Detailed Description

This proposal is to begin to elucidate the origins of pediatric primary hypertension and determine how it causes cardiac and renal disease. The primary hypothesis is than an altered renin-angiotensin system leads to the development of pediatric primary hypertension-related organ damage in the heart and kidney, specifically left ventricular hypertrophy and albuminuria. It is postulated that relative increase in angiotensin (Ang) ll tone compared to Ang-(1-7) tone in the circulation and the kidney (measured in the plasma and urine, respectively) leads to disease. The secondary hypotheses are that abnormalities in renin-angiotensin system tone are related to higher uric acid and FGF23, lower klotho, and, with concurrent obesity, contribute to nonalcoholic fatty liver disease. The investigators will recruit 100 subjects aged 5-17 years who are referred for a new diagnosis of pediatric primary hypertension to the Pediatric Nephrology clinic at Brenner Children's Hospital, 50 normotensive subjects with obesity recruited from the Brenner Families-in-Training program, and 10 healthy normotensive from a general pediatrics clinic in the Wake Forest Baptist Health System.

Study Type

Observational

Enrollment (Actual)

35

Contacts and Locations

This section provides the contact details for those conducting the study, and information on where this study is being conducted.

Study Locations

    • North Carolina
      • Winston-Salem, North Carolina, United States, 27157
        • Wake Forest Baptist Medical Center

Participation Criteria

Researchers look for people who fit a certain description, called eligibility criteria. Some examples of these criteria are a person's general health condition or prior treatments.

Eligibility Criteria

Ages Eligible for Study

5 years to 17 years (Child)

Accepts Healthy Volunteers

Yes

Sampling Method

Non-Probability Sample

Study Population

Patients of the Pediatric Nephrology Clinic and Pediatric Gastroenterology Clinic at Brenner Children's Hospital. Patients from a general pediatric clinic at Wake Forest Baptist Health.

Description

Inclusion Criteria:

  • Hypertension cohort: 5 to 17 years old with a new diagnosis of pediatric primary hypertension (systolic or diastolic blood pressure >=95th percentile for age/sex/height or >=130/80 mmHg.
  • Normotensive controls with obesity: 5 to 17 years old with normal systolic and diastolic blood pressure (<90th percentile for age/sex/height or <120/80 mmHg) and BMI >=85th percentile for age/sex.
  • Normotensive controls: 5 to 17 years old with normal systolic and diastolic blood pressure (<90th percentile for age/sex/height or <120/80 mmHg).

Exclusion Criteria:

  • Secondary hypertension
  • Confounding medical condition (e.g. diabetes mellitus, chronic kidney disease, heart disease, vascular disease, inflammatory or rheumatologic disease)
  • Non-English and non-Spanish speaking
  • Inability to complete assessments

Study Plan

This section provides details of the study plan, including how the study is designed and what the study is measuring.

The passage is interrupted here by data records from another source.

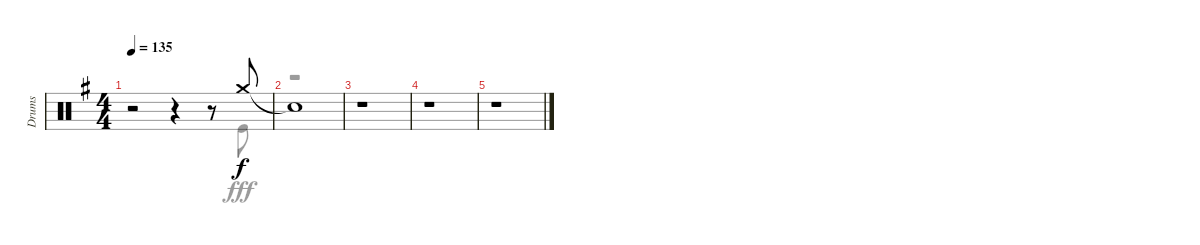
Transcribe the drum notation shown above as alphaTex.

\track ("Drums" "Drums") {instrument percussion}
\staff {score}
\articulation defaults
\voice
\ts (4 4)
\tempo 135
\clef neutral
\ks g
r.2{dy f} r.4 r.8 "Crash medium (hit)".8 |
"Snare (hit)"{t}.1 |
r.1 |
r.1 |
r.1
\voice
\clef neutral
\ottava regular
\simile none
\ks g
r.2{dy fff} r.4 r.8 "Kick (hit)".8 |
r.1 |
r.1 |
r.1 |
r.1
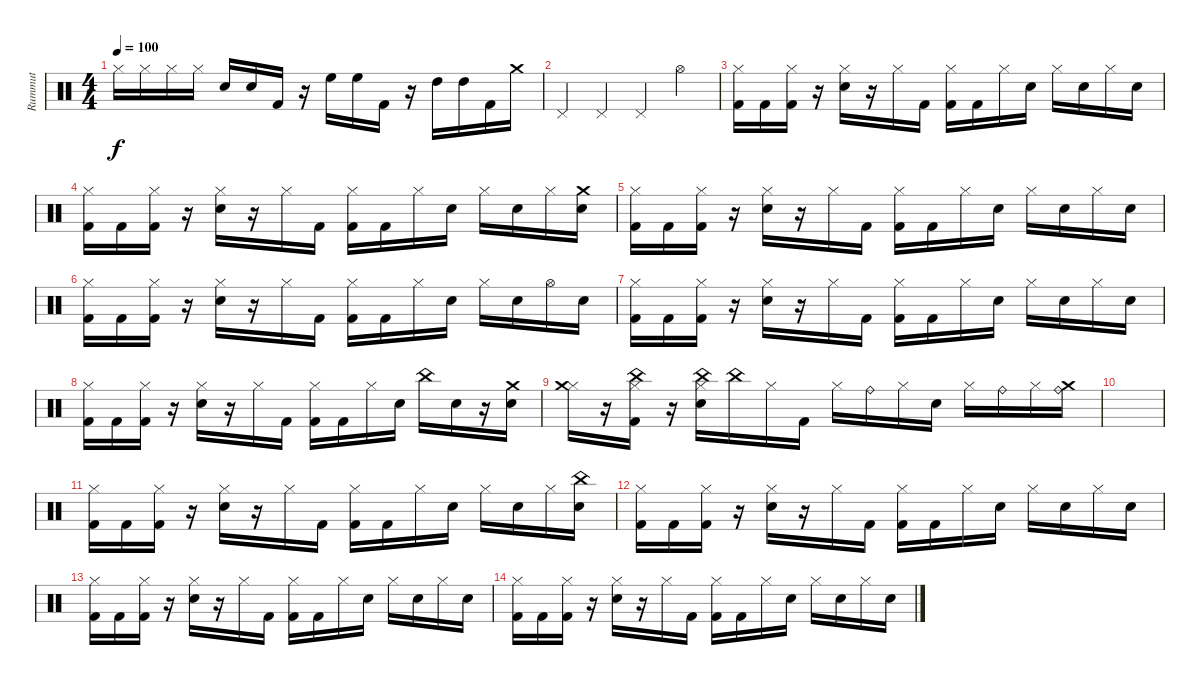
\track ("Rummut" "Rummut") {instrument percussion}
\staff {score}
\articulation defaults
\ts (4 4)
\tempo 100
\clef neutral
\ks c "Hi-Hat (closed)".16{dy f} "Hi-Hat (closed)".16 "Hi-Hat (closed)".16 "Hi-Hat (closed)".16 "Snare (hit) 2".16 "Snare (hit) 2".16 "Kick (hit) 2".16
r.16 "High Floor Tom (hit)".16 "High Floor Tom (hit)".16 "Kick (hit) 2".16 r.16 "High Tom (hit)".16 "High Tom (hit)".16 "Kick (hit) 2".16 "Crash medium (hit)".16 |
"Pedal Hi-Hat (hit)".4 "Pedal Hi-Hat (hit)".4 "Pedal Hi-Hat (hit)".4 "Hi-Hat (open)".4 |
("Hi-Hat (closed)" "Kick (hit) 2").16 "Kick (hit) 2".16 ("Hi-Hat (closed)" "Kick (hit) 2").16 r.16 ("Hi-Hat (closed)" "Snare (hit) 2").16 r.16 "Hi-Hat (closed)".16 "Kick (hit) 2".16 ("Hi-Hat (closed)" "Kick (hit) 2").16 "Kick (hit) 2".16 "Hi-Hat (closed)".16 "Snare (hit) 2".16 "Hi-Hat (closed)".16 "Snare (hit) 2".16 "Hi-Hat (closed)".16 "Snare (hit) 2".16 |
("Hi-Hat (closed)" "Kick (hit) 2").16 "Kick (hit) 2".16 ("Hi-Hat (closed)" "Kick (hit) 2").16 r.16 ("Hi-Hat (closed)" "Snare (hit) 2").16 r.16 "Hi-Hat (closed)".16 "Kick (hit) 2".16 ("Hi-Hat (closed)" "Kick (hit) 2").16 "Kick (hit) 2".16 "Hi-Hat (closed)".16 "Snare (hit) 2".16 "Hi-Hat (closed)".16 "Snare (hit) 2".16 "Hi-Hat (closed)".16 ("Crash medium (hit)" "Snare (hit) 2").16 |
("Hi-Hat (closed)" "Kick (hit) 2").16 "Kick (hit) 2".16 ("Hi-Hat (closed)" "Kick (hit) 2").16 r.16 ("Hi-Hat (closed)" "Snare (hit) 2").16 r.16 "Hi-Hat (closed)".16 "Kick (hit) 2".16 ("Hi-Hat (closed)" "Kick (hit) 2").16 "Kick (hit) 2".16 "Hi-Hat (closed)".16 "Snare (hit) 2".16 "Hi-Hat (closed)".16 "Snare (hit) 2".16 "Hi-Hat (closed)".16 "Snare (hit) 2".16 |
("Hi-Hat (closed)" "Kick (hit) 2").16 "Kick (hit) 2".16 ("Hi-Hat (closed)" "Kick (hit) 2").16 r.16 ("Hi-Hat (closed)" "Snare (hit) 2").16 r.16 "Hi-Hat (closed)".16 "Kick (hit) 2".16 ("Hi-Hat (closed)" "Kick (hit) 2").16 "Kick (hit) 2".16 "Hi-Hat (closed)".16 "Snare (hit) 2".16 "Hi-Hat (closed)".16 "Snare (hit) 2".16 "Hi-Hat (open)".16 "Snare (hit) 2".16 |
("Hi-Hat (closed)" "Kick (hit) 2").16 "Kick (hit) 2".16 ("Hi-Hat (closed)" "Kick (hit) 2").16 r.16 ("Hi-Hat (closed)" "Snare (hit) 2").16 r.16 "Hi-Hat (closed)".16 "Kick (hit) 2".16 ("Hi-Hat (closed)" "Kick (hit) 2").16 "Kick (hit) 2".16 "Hi-Hat (closed)".16 "Snare (hit) 2".16 "Hi-Hat (closed)".16 "Snare (hit) 2".16 "Hi-Hat (closed)".16 "Snare (hit) 2".16 |
("Hi-Hat (closed)" "Kick (hit) 2").16 "Kick (hit) 2".16 ("Hi-Hat (closed)" "Kick (hit) 2").16 r.16 ("Hi-Hat (closed)" "Snare (hit) 2").16 r.16 "Hi-Hat (closed)".16 "Kick (hit) 2".16 ("Hi-Hat (closed)" "Kick (hit) 2").16 "Kick (hit) 2".16 "Hi-Hat (closed)".16 "Snare (hit) 2".16 "China (hit)".16 "Snare (hit) 2".16 r.16 ("Crash medium (hit)" "Snare (hit) 2").16 |
("Hi-Hat (closed)" "Crash medium (hit)").16 r.16 ("Hi-Hat (closed)" "Kick (hit) 2" "China (hit)").16 r.16 ("Hi-Hat (closed)" "Snare (hit) 2" "China (hit)").16 "China (hit)".16 "Hi-Hat (closed)".16 "Kick (hit) 2".16 "Hi-Hat (closed)".16 "Ride (bell)".16 "Hi-Hat (closed)".16 "Snare (hit) 2".16 "Hi-Hat (closed)".16 "Ride (bell)".16 "Hi-Hat (closed)".16 ("Crash medium (hit)" "Ride (bell)").16 |
|
("Hi-Hat (closed)" "Kick (hit) 2").16 "Kick (hit) 2".16 ("Hi-Hat (closed)" "Kick (hit) 2").16 r.16 ("Hi-Hat (closed)" "Snare (hit) 2").16 r.16 "Hi-Hat (closed)".16 "Kick (hit) 2".16 ("Hi-Hat (closed)" "Kick (hit) 2").16 "Kick (hit) 2".16 "Hi-Hat (closed)".16 "Snare (hit) 2".16 "Hi-Hat (closed)".16 "Snare (hit) 2".16 "Hi-Hat (closed)".16 ("China (hit)" "Snare (hit) 2").16 |
("Hi-Hat (closed)" "Kick (hit) 2").16 "Kick (hit) 2".16 ("Hi-Hat (closed)" "Kick (hit) 2").16 r.16 ("Hi-Hat (closed)" "Snare (hit) 2").16 r.16 "Hi-Hat (closed)".16 "Kick (hit) 2".16 ("Hi-Hat (closed)" "Kick (hit) 2").16 "Kick (hit) 2".16 "Hi-Hat (closed)".16 "Snare (hit) 2".16 "Hi-Hat (closed)".16 "Snare (hit) 2".16 "Hi-Hat (closed)".16 "Snare (hit) 2".16 |
("Hi-Hat (closed)" "Kick (hit) 2").16 "Kick (hit) 2".16 ("Hi-Hat (closed)" "Kick (hit) 2").16 r.16 ("Hi-Hat (closed)" "Snare (hit) 2").16 r.16 "Hi-Hat (closed)".16 "Kick (hit) 2".16 ("Hi-Hat (closed)" "Kick (hit) 2").16 "Kick (hit) 2".16 "Hi-Hat (closed)".16 "Snare (hit) 2".16 "Hi-Hat (closed)".16 "Snare (hit) 2".16 "Hi-Hat (closed)".16 "Snare (hit) 2".16 |
("Hi-Hat (closed)" "Kick (hit) 2").16 "Kick (hit) 2".16 ("Hi-Hat (closed)" "Kick (hit) 2").16 r.16 ("Hi-Hat (closed)" "Snare (hit) 2").16 r.16 "Hi-Hat (closed)".16 "Kick (hit) 2".16 ("Hi-Hat (closed)" "Kick (hit) 2").16 "Kick (hit) 2".16 "Hi-Hat (closed)".16 "Snare (hit) 2".16 "Hi-Hat (closed)".16 "Snare (hit) 2".16 "Hi-Hat (closed)".16 "Snare (hit) 2".16

How is the study designed?

Design Details

Cohorts and Interventions

Group / Cohort
Hypertensive
Clinical data will be collected from the electronic medical record, including height, weight, age, sex, parent-reported race, and past medical and family histories. Antihypertensive medication type and dosage will be recorded. Blood and urine samples will be collected at baseline and yearly for three years. All subjects will receive baseline and yearly echocardiograms. Subjects with overweight/obesity (BMI >=85th percentile for age and sex) will receive baseline and yearly ultrasounds of the liver to evaluate for hepatic fat infiltration. Auscultated, continuous and ambulatory blood pressure will be measured at baseline and yearly.
Normotensive with Obesity

Clinical data will be collected from the electronic medical record, including height, weight, age, sex, parent-reported race, and past medical and family histories. Subjects will receive a baseline ultrasound of the liver to evaluate hepatic fat infiltration as per standard of care.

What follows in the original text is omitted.